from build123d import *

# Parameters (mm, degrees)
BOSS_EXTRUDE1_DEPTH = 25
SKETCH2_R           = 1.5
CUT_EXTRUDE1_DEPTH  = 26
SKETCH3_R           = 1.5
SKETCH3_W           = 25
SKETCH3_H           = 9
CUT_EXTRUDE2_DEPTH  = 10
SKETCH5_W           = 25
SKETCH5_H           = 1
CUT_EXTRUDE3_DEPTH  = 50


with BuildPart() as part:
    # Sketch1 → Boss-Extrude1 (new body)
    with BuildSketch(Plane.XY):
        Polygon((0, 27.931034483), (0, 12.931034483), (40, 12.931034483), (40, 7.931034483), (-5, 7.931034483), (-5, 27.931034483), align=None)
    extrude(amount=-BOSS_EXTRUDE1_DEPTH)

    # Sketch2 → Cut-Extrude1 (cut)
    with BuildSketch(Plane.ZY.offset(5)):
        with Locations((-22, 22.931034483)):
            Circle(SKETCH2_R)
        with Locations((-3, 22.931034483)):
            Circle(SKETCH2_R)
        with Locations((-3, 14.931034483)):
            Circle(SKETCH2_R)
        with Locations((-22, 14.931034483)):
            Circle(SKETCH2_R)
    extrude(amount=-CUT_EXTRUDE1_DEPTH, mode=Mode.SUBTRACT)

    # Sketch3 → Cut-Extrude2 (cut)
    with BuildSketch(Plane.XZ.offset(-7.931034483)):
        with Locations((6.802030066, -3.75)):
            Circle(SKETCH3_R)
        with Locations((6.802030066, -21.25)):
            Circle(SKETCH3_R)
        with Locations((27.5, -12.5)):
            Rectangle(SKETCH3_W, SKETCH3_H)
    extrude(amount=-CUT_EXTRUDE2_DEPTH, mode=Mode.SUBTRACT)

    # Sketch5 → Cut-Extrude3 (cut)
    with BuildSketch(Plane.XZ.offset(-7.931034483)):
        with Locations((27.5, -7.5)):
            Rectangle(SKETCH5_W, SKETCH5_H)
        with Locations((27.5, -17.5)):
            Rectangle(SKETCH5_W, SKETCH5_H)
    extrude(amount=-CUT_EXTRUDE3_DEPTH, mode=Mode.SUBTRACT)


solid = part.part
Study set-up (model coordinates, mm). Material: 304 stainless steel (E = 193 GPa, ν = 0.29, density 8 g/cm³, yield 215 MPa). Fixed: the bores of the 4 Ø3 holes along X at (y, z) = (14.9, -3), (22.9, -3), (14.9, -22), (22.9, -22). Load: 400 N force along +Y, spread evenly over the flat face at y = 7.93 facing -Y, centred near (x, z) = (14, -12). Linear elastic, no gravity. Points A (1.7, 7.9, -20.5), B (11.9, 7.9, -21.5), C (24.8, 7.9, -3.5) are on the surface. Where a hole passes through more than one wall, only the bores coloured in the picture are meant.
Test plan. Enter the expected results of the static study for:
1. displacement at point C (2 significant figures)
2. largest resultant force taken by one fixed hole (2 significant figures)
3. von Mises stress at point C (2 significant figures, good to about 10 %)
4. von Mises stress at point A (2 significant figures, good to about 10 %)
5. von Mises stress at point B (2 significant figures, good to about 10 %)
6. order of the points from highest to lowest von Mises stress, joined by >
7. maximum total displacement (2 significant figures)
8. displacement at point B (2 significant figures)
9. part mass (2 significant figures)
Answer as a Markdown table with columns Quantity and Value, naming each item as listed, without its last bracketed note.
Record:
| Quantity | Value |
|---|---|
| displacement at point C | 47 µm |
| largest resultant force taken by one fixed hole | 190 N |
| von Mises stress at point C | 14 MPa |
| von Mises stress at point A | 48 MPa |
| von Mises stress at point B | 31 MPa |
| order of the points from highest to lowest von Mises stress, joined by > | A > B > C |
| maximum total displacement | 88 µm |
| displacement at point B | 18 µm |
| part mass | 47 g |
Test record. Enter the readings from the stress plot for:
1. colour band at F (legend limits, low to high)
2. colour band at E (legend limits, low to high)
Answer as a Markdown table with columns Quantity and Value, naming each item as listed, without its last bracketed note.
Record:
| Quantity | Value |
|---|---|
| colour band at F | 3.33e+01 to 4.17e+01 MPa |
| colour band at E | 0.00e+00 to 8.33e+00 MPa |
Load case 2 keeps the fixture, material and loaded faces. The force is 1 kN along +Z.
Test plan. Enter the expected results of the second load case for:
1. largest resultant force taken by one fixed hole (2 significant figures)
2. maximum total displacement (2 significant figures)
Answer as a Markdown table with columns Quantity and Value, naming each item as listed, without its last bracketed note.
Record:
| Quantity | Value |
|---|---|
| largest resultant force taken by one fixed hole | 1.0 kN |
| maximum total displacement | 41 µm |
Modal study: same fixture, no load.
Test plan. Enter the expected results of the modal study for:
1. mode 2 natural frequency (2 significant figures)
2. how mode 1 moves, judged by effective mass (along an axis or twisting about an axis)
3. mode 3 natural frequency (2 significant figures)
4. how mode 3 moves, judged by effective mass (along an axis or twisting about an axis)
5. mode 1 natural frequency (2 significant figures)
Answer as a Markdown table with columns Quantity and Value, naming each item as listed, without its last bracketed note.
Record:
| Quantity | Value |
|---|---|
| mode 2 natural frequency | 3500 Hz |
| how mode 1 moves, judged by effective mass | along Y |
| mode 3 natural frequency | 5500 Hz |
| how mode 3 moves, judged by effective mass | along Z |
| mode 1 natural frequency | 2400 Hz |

————————

Beginning at the line with "1. displacement at" and stopping after the line with "Test record. Enter", please write out every line of the data above exactly and nothing else.

1. displacement at point C (2 significant figures)
2. largest resultant force taken by one fixed hole (2 significant figures)
3. von Mises stress at point C (2 significant figures, good to about 10 %)
4. von Mises stress at point A (2 significant figures, good to about 10 %)
5. von Mises stress at point B (2 significant figures, good to about 10 %)
6. order of the points from highest to lowest von Mises stress, joined by >
7. maximum total displacement (2 significant figures)
8. displacement at point B (2 significant figures)
9. part mass (2 significant figures)
Answer as a Markdown table with columns Quantity and Value, naming each item as listed, without its last bracketed note.
Record:
| Quantity | Value |
|---|---|
| displacement at point C | 47 µm |
| largest resultant force taken by one fixed hole | 190 N |
| von Mises stress at point C | 14 MPa |
| von Mises stress at point A | 48 MPa |
| von Mises stress at point B | 31 MPa |
| order of the points from highest to lowest von Mises stress, joined by > | A > B > C |
| maximum total displacement | 88 µm |
| displacement at point B | 18 µm |
| part mass | 47 g |
Test record. Enter the readings from the stress plot for:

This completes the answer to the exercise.